Unfortunately, an error has occurred:
timed out waiting for the condition
This error is likely caused by:
- The kubelet is not running
- The kubelet is unhealthy due to a misconfiguration of the node in some way (required cgroups disabled)
If you are on a systemd-powered system, you can try to troubleshoot the error with the following commands:
- 'systemctl status kubelet'
- 'journalctl -xeu kubelet'
Additionally, a control plane component may have crashed or exited when started by the container runtime.
To troubleshoot, list all containers using your preferred container runtimes CLI.

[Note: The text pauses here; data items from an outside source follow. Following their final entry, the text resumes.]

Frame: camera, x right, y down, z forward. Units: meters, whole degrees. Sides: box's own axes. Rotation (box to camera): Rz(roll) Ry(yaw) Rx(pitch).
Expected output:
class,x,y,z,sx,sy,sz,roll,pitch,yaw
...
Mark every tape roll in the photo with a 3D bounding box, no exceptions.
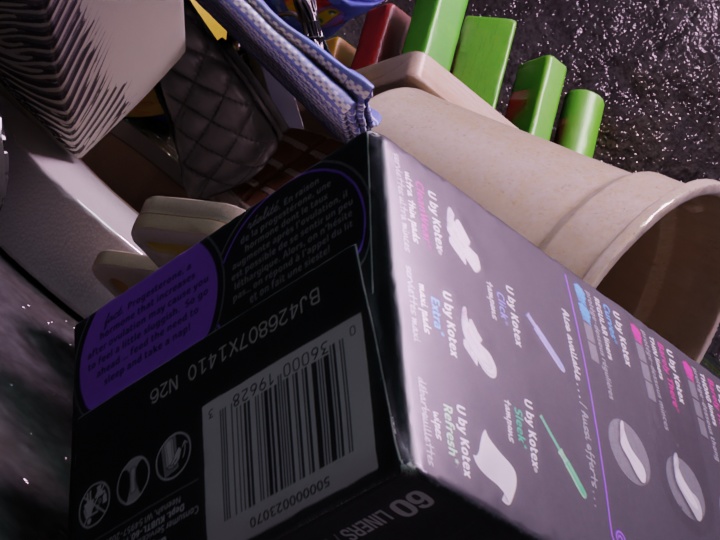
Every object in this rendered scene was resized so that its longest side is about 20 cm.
class,x,y,z,sx,sy,sz,roll,pitch,yaw
tape roll,-0.100,-0.020,0.784,0.203,0.037,0.203,39,9,-7

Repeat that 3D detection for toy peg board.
class,x,y,z,sx,sy,sz,roll,pitch,yaw
toy peg board,0.040,-0.083,1.122,0.199,0.098,0.200,-12,-38,46

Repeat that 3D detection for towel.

Here is one example how you may list all Kubernetes containers running in docker:
- 'docker ps -a | grep kube | grep -v pause'
Once you have found the failing container, you can inspect its logs with:
- 'docker logs CONTAINERID'
error execution phase wait-control-plane: couldn’t initialize a Kubernetes cluster
To see the stack trace of this error execute with --v=5 or higher
Parvesh Kumar:
after docker restart it worked
Unmesh Patil:
Thx @James will try this out shortly. I’ve been trying to complete that lab since morning, but experiencing various connectivity issues to the lab. I will try again in some time.